Jack’s Monday Book Review

Sunset Song – Lewis Grassic Gibbon (James Leslie Mitchell)

When I was attending high school in Dunfermline, I don’t recall studying any Scottish authors whatsoever. English and American, yes, but no Scots.

It was only later in life and by way of a television adaptation that I was introduced to the works of Grassic Gibbon. He was born and grew up in Kincardineshire (also known as The Mearns), which, due to the vagaries of successive reorganizations of local government, no longer exists as a separate entity. Sunset Song is a longish short story, the first in a trilogy and all based in The Mearns.

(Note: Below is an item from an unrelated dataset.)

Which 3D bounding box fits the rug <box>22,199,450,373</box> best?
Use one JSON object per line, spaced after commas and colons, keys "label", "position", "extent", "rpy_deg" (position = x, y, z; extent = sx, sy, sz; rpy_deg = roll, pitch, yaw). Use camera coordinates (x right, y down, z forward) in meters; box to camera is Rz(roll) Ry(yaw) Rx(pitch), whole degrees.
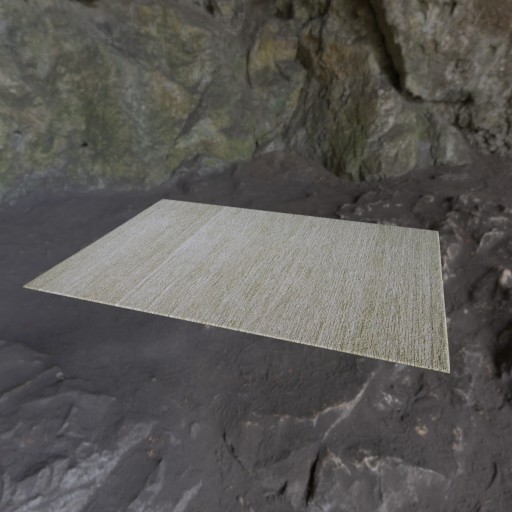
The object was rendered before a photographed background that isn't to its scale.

Like his famous predecessor Robert Burns, Grassic Gibbon captures rural life, speech and attitudes perfectly – in fact I think of him as a kind of novelist successor to Burns.

In the book Chris Guthrie’s mother kills her baby twins and herself after learning she is pregnant yet again. Chris, her older brother Will, and her father send two younger children to stay with relatives and continue to run the farm on their own. Will emigrates to Argentina with his young bride, Mollie Douglas because he and his father argue constantly. Chris is left to do all the work around the house when her father suffers a debilitating stroke and eventually dies.

Chris marries Ewan Tavendale, a young farmer, and the happily married pair have a son, whom they also call Ewan. After World War I erupts, Ewan Sr. and many other young men join up. Ewan dies in the war, after a leave visit that proves he is much altered by his experiences, and Chris learns later that Ewan was shot as a deserter.

The book touches on many fundamental dilemmas of life, both personal and more wide-ranging; changing farming methods, relationships, pacifism, patriotism etc. I found it dually compelling, for its Scottish depictions and for its portrayal of people caught in difficult situations.

Finally – Grassic Gibbon, like Burns, invented a kind of fairly accessible half way house between Scots and English that retains just enough of Kincardineshire ‘spik’ for authenticity.

This is regarded as one of the greatest 20th Century works of Scottish literature and I heartily recommend it.

PS – a new movie version was made in 2015 and is due for release in the US in April 2016. The trailer looks gorgeous! https://youtu.be/sQqqkTdwv50

 

Remodeling #10

 

Jack’s weekly guest post –

Since we moved in here ten years ago we (and that means mostly I) have carried out some serious building projects. Some were simply needed because of the age of the building (built in 1903), some we chose to do and others were needed to meet certain legal requirements.

The first was redecorating most of the upstairs to make that area pleasant as living quarters, then I walled in the open car port to turn it into a garage complete with a window and an ‘up and over’ main door. Next was building a disabled ramp at the side of the porch and then re-shingling the roof. The upstairs bathroom got a complete make-over and shortly after we got a grant to completely renovate the front porch. We had earlier built a fire escape stair from upstairs which doubled as access to the yard for our dogs Zora and Bert, which turned out to be handy when we opened The Second Story Café.

Before we opened the café I had turned our dismal and cobwebby basement into our new living quarters (that’s chronicled in an earlier blog post) but I also had to install additional sinks and an extraction system in the upstairs kitchen. We had never had a separate heat and air system upstairs, so the advent of the café meant fitting a heat pump in the attic, running ducts to all the rooms and cutting holes in all the ceilings (very messy!).

Most of these jobs were interesting and challenging and I felt a definite sense of pride in my contribution to them although confirmed in my nervousness about plumbing and electrical work.

However, the latest jobs I had been putting to the end of the queue for years. The downstairs kitchen and bathroom both had old worn and curling vinyl flooring and I had been dreading fixing them. The first to be done was the bathroom and I used a floating planks system that proved much easier than I expected, so then it was time for the kitchen. We had divided this room with bookshelves as well as installing more along the walls on one side, so all the books had to be boxed and stored wherever we could find a corner followed by removing all the shelving into the garage. My good friend David Hamrick had arrived on Friday to help me and Wendy began boxing books on Saturday. By Sunday lunchtime we had all the books and shelves out and had started laying the new floor – more floating planks. By Monday afternoon we had the floor finished and the shelves back in place and this morning the last of the books were back.

DSCN1685

The old floor

DSCN1686

– and the new one

 

 

 

 

 

 

 

I’m absolutely sure of one thing though – there’s another job just waiting around the corner!